__PROVIDED RECORDS__
________

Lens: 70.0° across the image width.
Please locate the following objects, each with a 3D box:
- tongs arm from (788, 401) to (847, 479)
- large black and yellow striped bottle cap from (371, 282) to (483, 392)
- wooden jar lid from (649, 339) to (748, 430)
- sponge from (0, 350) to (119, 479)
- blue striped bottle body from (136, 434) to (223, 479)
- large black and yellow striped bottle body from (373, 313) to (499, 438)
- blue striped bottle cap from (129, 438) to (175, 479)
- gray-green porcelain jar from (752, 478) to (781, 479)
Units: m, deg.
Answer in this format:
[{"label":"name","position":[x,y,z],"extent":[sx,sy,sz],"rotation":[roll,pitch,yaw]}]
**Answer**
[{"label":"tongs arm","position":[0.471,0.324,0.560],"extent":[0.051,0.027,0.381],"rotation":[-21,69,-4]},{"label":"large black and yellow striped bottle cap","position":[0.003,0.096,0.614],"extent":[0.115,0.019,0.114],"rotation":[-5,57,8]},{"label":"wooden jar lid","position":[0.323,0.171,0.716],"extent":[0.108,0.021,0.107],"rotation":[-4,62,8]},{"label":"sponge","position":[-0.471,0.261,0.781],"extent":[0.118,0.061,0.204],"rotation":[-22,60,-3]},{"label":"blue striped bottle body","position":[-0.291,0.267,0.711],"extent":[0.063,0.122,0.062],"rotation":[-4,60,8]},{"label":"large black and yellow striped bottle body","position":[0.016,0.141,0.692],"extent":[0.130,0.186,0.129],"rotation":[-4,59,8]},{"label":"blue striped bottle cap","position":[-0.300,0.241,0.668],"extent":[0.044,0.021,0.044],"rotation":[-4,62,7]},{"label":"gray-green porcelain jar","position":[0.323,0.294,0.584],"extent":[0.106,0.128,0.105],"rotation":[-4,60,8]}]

________

__EXERCISE INSTRUCTIONS__
Please repeat the line that contains "Answer in this" and every line after it through the end of the material above, exactly and with nothing added.

__RESPONSE BELOW__
Answer in this format:
[{"label":"name","position":[x,y,z],"extent":[sx,sy,sz],"rotation":[roll,pitch,yaw]}]
**Answer**
[{"label":"tongs arm","position":[0.471,0.324,0.560],"extent":[0.051,0.027,0.381],"rotation":[-21,69,-4]},{"label":"large black and yellow striped bottle cap","position":[0.003,0.096,0.614],"extent":[0.115,0.019,0.114],"rotation":[-5,57,8]},{"label":"wooden jar lid","position":[0.323,0.171,0.716],"extent":[0.108,0.021,0.107],"rotation":[-4,62,8]},{"label":"sponge","position":[-0.471,0.261,0.781],"extent":[0.118,0.061,0.204],"rotation":[-22,60,-3]},{"label":"blue striped bottle body","position":[-0.291,0.267,0.711],"extent":[0.063,0.122,0.062],"rotation":[-4,60,8]},{"label":"large black and yellow striped bottle body","position":[0.016,0.141,0.692],"extent":[0.130,0.186,0.129],"rotation":[-4,59,8]},{"label":"blue striped bottle cap","position":[-0.300,0.241,0.668],"extent":[0.044,0.021,0.044],"rotation":[-4,62,7]},{"label":"gray-green porcelain jar","position":[0.323,0.294,0.584],"extent":[0.106,0.128,0.105],"rotation":[-4,60,8]}]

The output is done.